SEC Questions Musk’s Timing on Twitter Deal
WASHINGTON — The U.S. Securities and Exchange Commission began to question Elon Musk about his potential attempt to pull out of his $44 billion deal to buy Twitter more than a month before he made it official.
The questions came after a May tweet in which Musk said his deal to buy the company was “on hold,” according to a letter dated June 2 released by the SEC Thursday. Staff from the commission had a phone call with Musk and his lawyers the day after the tweet, which they then followed up with the letter.
The letter states, “We note that on May 17, 2022, Elon R. Musk referred to the pending acquisition of Twitter, Inc. and publicly stated via his Twitter feed that ‘[t]his deal cannot move forward’. The term ‘cannot’ suggests that Mr. Musk and his affiliates are exercising a legal right under the terms of the merger agreement to suspend completion of the acquisition of Twitter or otherwise do not intend to complete the acquisition. Yet, we note that the Schedule 13D has not been amended to reflect the apparent material change that has occurred to the facts previously reported under Item 4 of Schedule 13D.”
The SEC asked for Musk to “Provide us with a written analysis in support of any conclusion that an amendment is not required” and also “Include in this analysis a clear statement as to Mr. Musk’s current plans or proposals with respect to the acquisition of Twitter. If a material change has occurred, then promptly amend the Schedule 13D.”

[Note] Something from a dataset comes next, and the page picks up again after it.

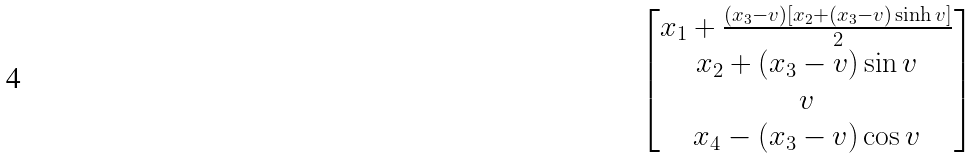Convert formula to latex. <formula><loc_0><loc_0><loc_500><loc_500>\begin{bmatrix} x _ { 1 } + \frac { ( x _ { 3 } - v ) [ x _ { 2 } + ( x _ { 3 } - v ) \sinh v ] } { 2 } \\ x _ { 2 } + ( x _ { 3 } - v ) \sin v \\ v \\ x _ { 4 } - ( x _ { 3 } - v ) \cos v \end{bmatrix}</formula> 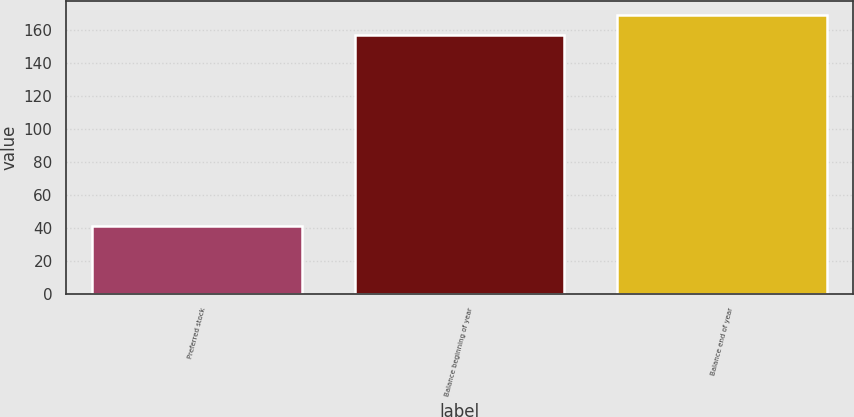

In a letter filed June 7, Musk’s lawyer, Mike Ringler, said the tweet didn’t amount to him backing out of the deal.
“Despite Mr. Musk’s desire to obtain information to evaluate the potential spam and fake accounts, there was no material change to Mr. Musk’s plans and proposals regarding the proposed transaction at such time,” Ringler wrote.
Since Musk began his attempted takeover there have been questions about his filings. On April 4, the day Musk first disclosed a 9.2% stake in the company, the SEC wrote a letter to Musk asking why he didn’t file his Schedule 13G when he acquired 5% of the company’s stock on March 14.
According to SEC rules, he was required to make that disclosure by March 24 — 10 days after he reached the 5% threshold. The commission publicly posted that letter in May.